# Thank god texting is the most common method of communication today



## Under17 (May 4, 2010)

No more having a nervous breakdown while leaving a voice mail on someone's phone. Things are much easier nowadays.


----------



## Sbrooke (Nov 28, 2010)

I completely agree. It makes things much easier. If only wish I could also text when it comes to making business calls as well. Those make me the most nervous.


----------



## AlisonWonderland (Nov 4, 2010)

I'm quite fond of texting too .
I agree about the business calls - I find it helpful to have my ipod nearby and a cup of tea, which helps.
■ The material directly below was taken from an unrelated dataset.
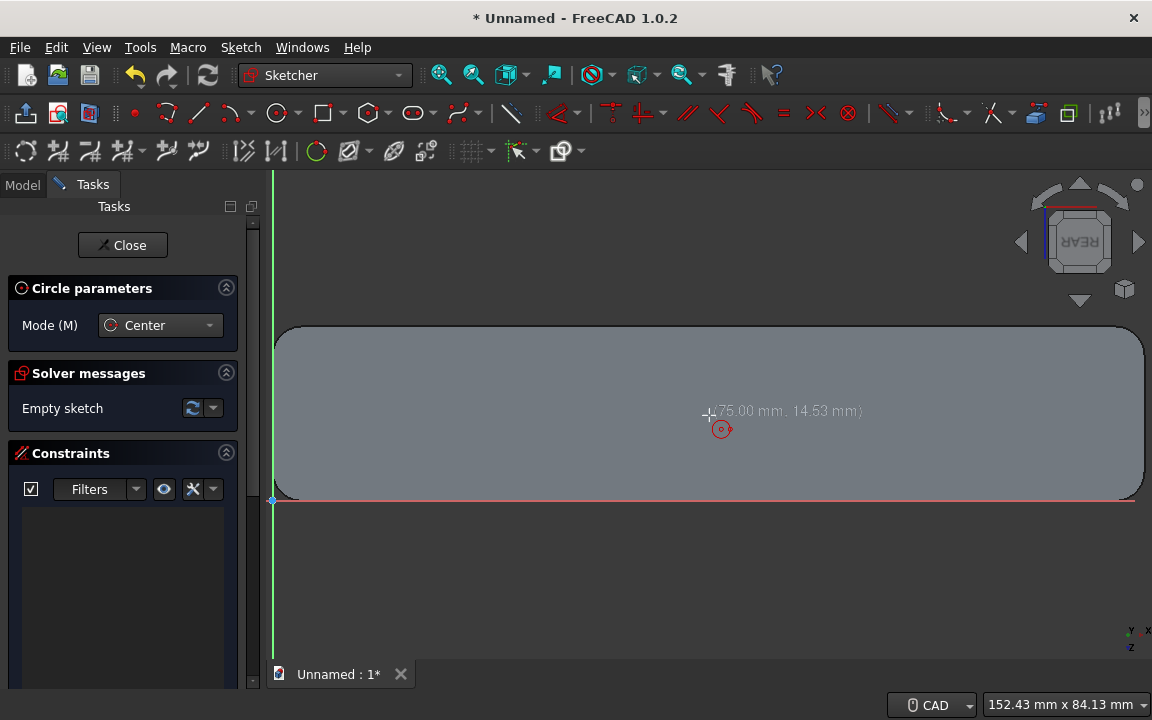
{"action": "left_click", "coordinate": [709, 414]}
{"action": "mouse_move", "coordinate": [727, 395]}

Until they faff around whilst you're waiting to hang up.


----------



## matty (Nov 2, 2009)

Amen to that. SMS is so convienent and it is way easier to express yourself. But I do enjoy talking to a partner on the phone. If and when I ever find myself in a relationship again.


----------



## matty (Nov 2, 2009)

I don't do it often but it is my choice over talking


----------



## Futures (Aug 27, 2005)

need2bnormal said:


> Wow I must be the only lamo who don't text lol


I don't text either. I've sent maybe 4 texts in my life, and 3 of those were to unknown strangers telling them they have the wrong number lol.


----------



## heroin (Dec 10, 2010)

I can't even type the ****ing things. My phone is not one of those new fangled ones with a keyboard. You have to type with the number keys. And it kind of behaves bizarrely with auto complete.

I much prefer to call people up, provided I know them fairly well. Calling strangers I can't do. Like calling the bank, or the customer support of my cell service provider, or my doctor, etc.


----------



## Prodigal Son (Dec 11, 2005)

I like to text, but kind of seems impersonal, makes me feel more disconnected in a way. Still nice to have that accessability to friends though.


----------



## Searching4DesiRe (Dec 19, 2010)

i text more then i call lol.. increased my txt from 250 to unlimited wit only 100 mins for call lol..


----------